The value of construction projects in Singapore is expected to grow to between S$25 billion and S$31 billion this year. This is an increase from the S$24.5 billion worth of contracts awarded last year, and is mostly due to an increase in public sector construction demand.

The Building and Construction Authority (BCA) estimates that there will be between S$16 billion and S$19 billion worth of public projects awarded this year, slightly more than the S$15.5 billion awarded last year. The private sector is also expected to pull its weight, as private demand is expected to come in at between S$10 billion and S$12 billion, up from S$9 billion a year ago.

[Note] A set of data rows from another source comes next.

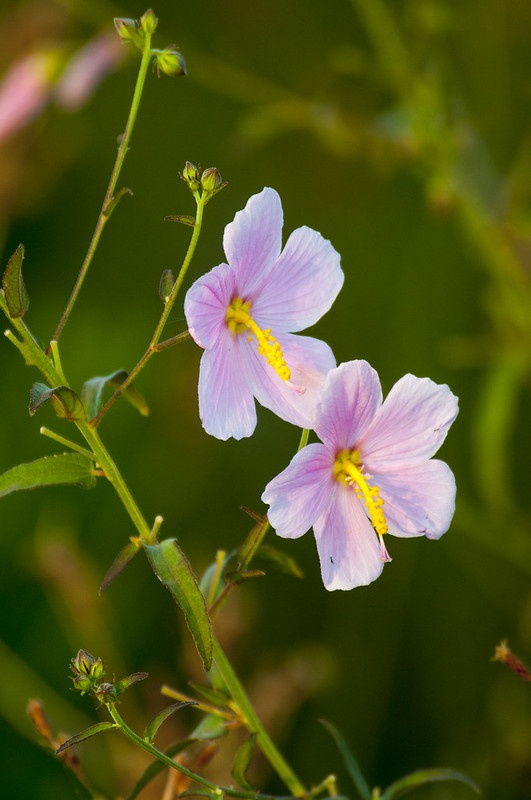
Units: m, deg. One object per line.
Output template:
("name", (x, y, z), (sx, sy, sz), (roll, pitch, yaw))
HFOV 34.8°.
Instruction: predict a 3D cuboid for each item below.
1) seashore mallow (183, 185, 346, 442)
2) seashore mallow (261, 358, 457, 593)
("seashore mallow", (-0.023, -0.141, 1.313), (0.161, 0.313, 0.385), (-6, 33, -22))
("seashore mallow", (0.110, 0.090, 1.311), (0.324, 0.327, 0.149), (-17, 11, -22))
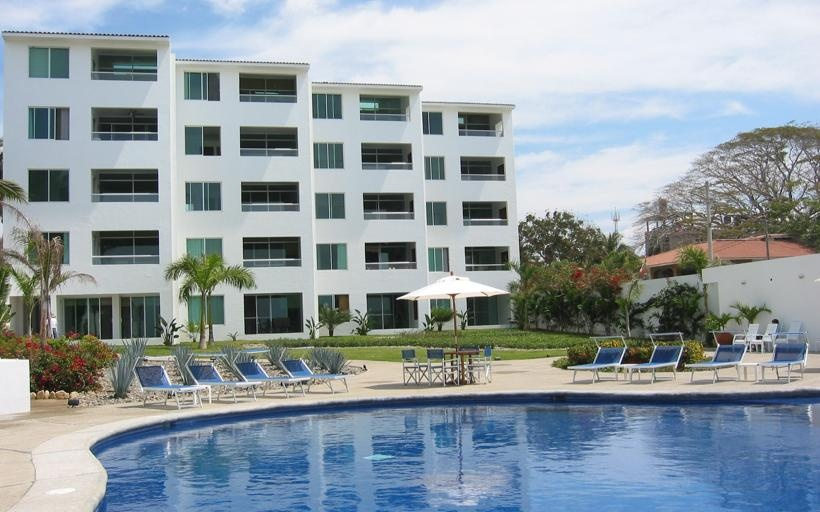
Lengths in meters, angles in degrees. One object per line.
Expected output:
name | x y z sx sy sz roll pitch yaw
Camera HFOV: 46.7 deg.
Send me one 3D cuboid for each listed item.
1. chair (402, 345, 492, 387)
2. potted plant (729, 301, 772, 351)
chair | 1.620 4.831 42.041 3.869 1.575 3.123 -3 -4 2
potted plant | 17.103 3.475 49.019 2.288 2.539 2.119 -7 -14 42
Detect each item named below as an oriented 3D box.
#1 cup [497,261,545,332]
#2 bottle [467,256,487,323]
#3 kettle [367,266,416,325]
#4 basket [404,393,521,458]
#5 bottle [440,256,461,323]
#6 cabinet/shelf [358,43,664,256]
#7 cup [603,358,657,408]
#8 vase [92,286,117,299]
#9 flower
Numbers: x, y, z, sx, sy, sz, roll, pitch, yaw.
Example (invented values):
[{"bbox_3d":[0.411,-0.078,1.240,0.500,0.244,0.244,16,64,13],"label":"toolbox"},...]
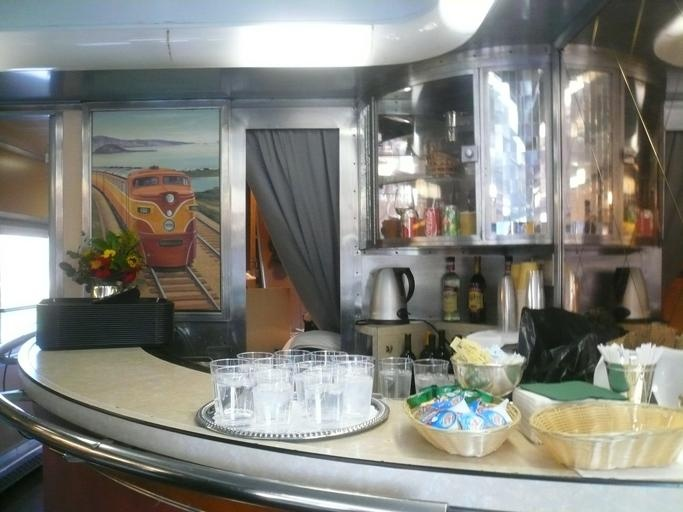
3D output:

American airlines are set to see a third consecutive year of growth in 2018. According to analysts, airlines are benefiting from the US tax reform, increased pricing power, and strong economic growth. The expected growth comes despite rising fuel costs as airlines should be offsetting this by increasing their ticket prices. Passenger revenue per seat mile is expected to grow by 2% to 3%.

Another reason to be bullish about airlines stocks is the fact that they currently trade at a relatively low price to earnings (PE) ratio of 12 on average. This is half that of the S&P 500’s average PE ratio of 23, and railroads’ average PE ratio of 25.

The World Bank has forecast the world economy to grow by 3.1% this year, and 3% in 2019. But, the bank warned that the favourable outlook is fragile and may be derailed by geopolitical tension and financial stress. Over in East Asia, the regional growth rate is forecasted to slow from 6.4% in 2017 to 6.2% in 2018. The structural slowdown in China is the main reason for the lower forecast this year.

Meanwhile, Japan’s real wage increased 0.1% in November on a yearly basis. This is the first increase in 11 months. Nominal cash wage rose 0.9% from a year ago. This was partly due to increases in bonus pay. Special payments that include bonus pay rose 7.5% from a year ago.

But, economists do not believe that Japan’s wage gains are likely to keep pace with inflation, and warn that this could hurt consumer spending. The nationwide core consumer price index (CPI), which include oil goods but excludes volatile fresh food prices, rose 0.9%, the 11th straight month of increase.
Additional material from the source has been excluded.